Your task =
Restate, exactly as written, the entries below from the line that holds "Kindly give me" through the line that holds "Use compact JSON". Pictures are not part of the copy.

Information provided =
↓

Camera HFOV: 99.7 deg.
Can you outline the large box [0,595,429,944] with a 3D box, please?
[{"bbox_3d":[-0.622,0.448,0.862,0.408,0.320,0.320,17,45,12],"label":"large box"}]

↑
↓

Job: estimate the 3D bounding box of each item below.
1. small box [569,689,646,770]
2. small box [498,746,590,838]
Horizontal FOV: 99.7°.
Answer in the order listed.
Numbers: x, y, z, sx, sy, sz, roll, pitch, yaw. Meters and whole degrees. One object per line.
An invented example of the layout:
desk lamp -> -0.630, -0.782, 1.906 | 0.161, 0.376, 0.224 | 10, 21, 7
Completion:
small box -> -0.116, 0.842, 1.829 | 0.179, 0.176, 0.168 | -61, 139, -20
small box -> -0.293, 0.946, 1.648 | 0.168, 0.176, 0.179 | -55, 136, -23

↑
↓

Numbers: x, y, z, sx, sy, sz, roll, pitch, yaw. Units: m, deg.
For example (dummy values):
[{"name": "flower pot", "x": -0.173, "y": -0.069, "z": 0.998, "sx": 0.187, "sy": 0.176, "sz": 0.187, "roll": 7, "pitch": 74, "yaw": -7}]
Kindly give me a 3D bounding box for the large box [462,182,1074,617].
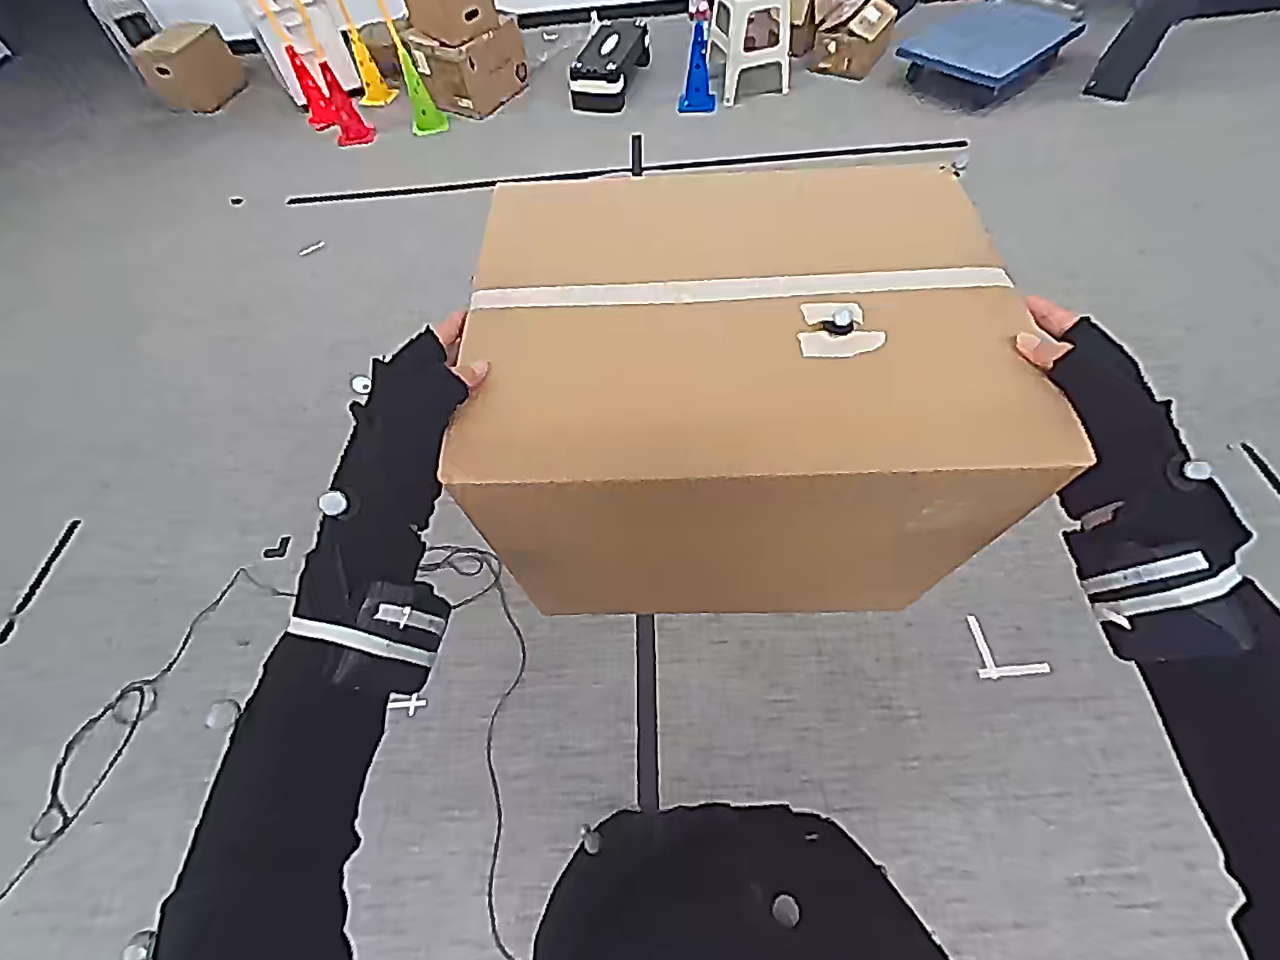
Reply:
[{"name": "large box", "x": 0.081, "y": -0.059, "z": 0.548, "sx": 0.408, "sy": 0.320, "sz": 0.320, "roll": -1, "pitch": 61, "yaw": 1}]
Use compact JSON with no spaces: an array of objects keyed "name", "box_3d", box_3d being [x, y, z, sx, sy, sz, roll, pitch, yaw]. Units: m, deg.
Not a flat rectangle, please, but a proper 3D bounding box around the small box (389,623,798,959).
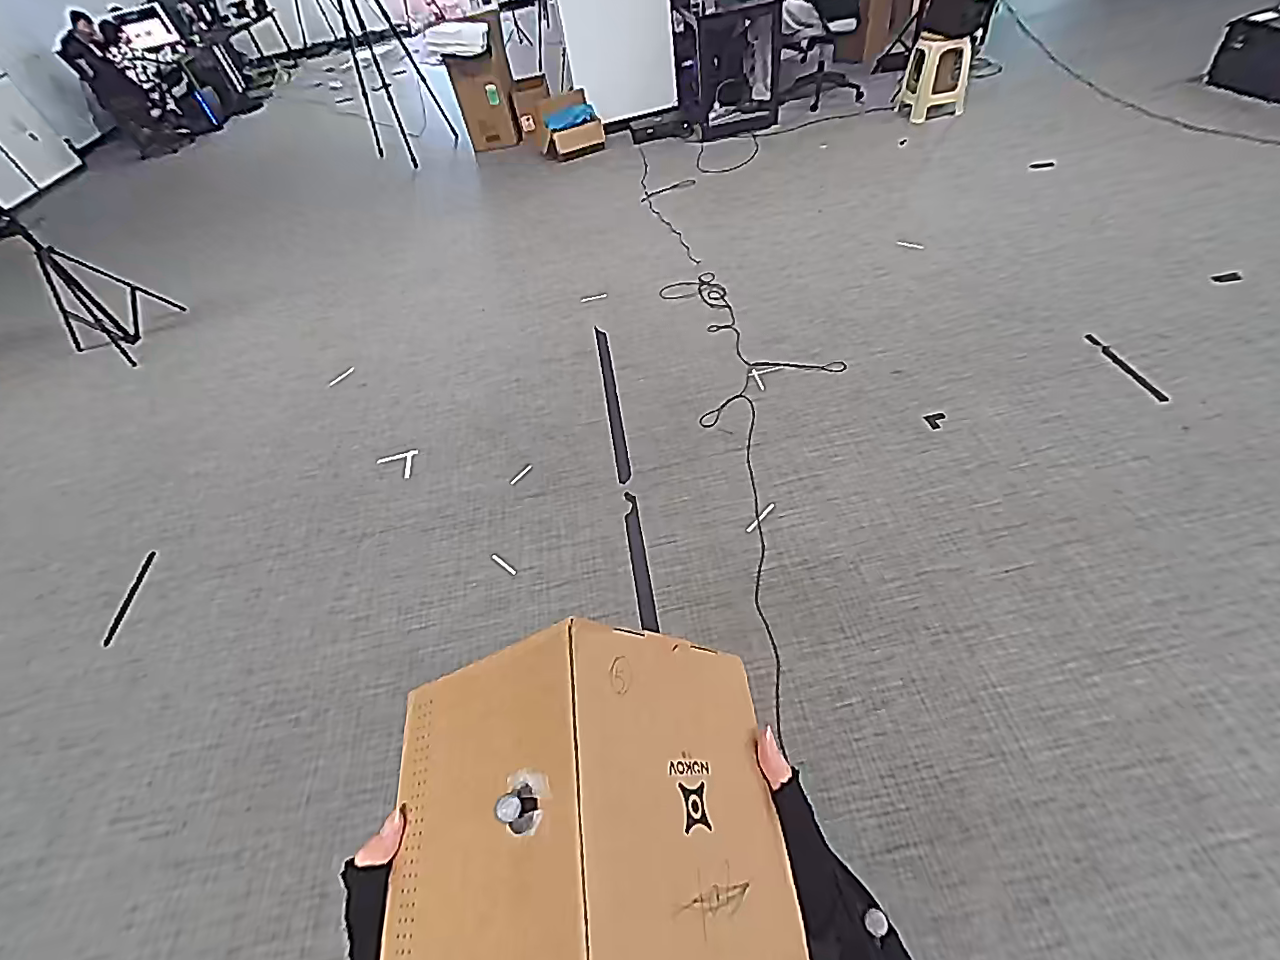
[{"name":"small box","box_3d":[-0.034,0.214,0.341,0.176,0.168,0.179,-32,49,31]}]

↑

Solution for this exercise =
Kindly give me a 3D bounding box for the large box [462,182,1074,617].
Reply:
[{"name": "large box", "x": 0.081, "y": -0.059, "z": 0.548, "sx": 0.408, "sy": 0.320, "sz": 0.320, "roll": -1, "pitch": 61, "yaw": 1}]
Use compact JSON with no spaces: an array of objects keyed "name", "box_3d", box_3d being [x, y, z, sx, sy, sz, roll, pitch, yaw]. Units: m, deg.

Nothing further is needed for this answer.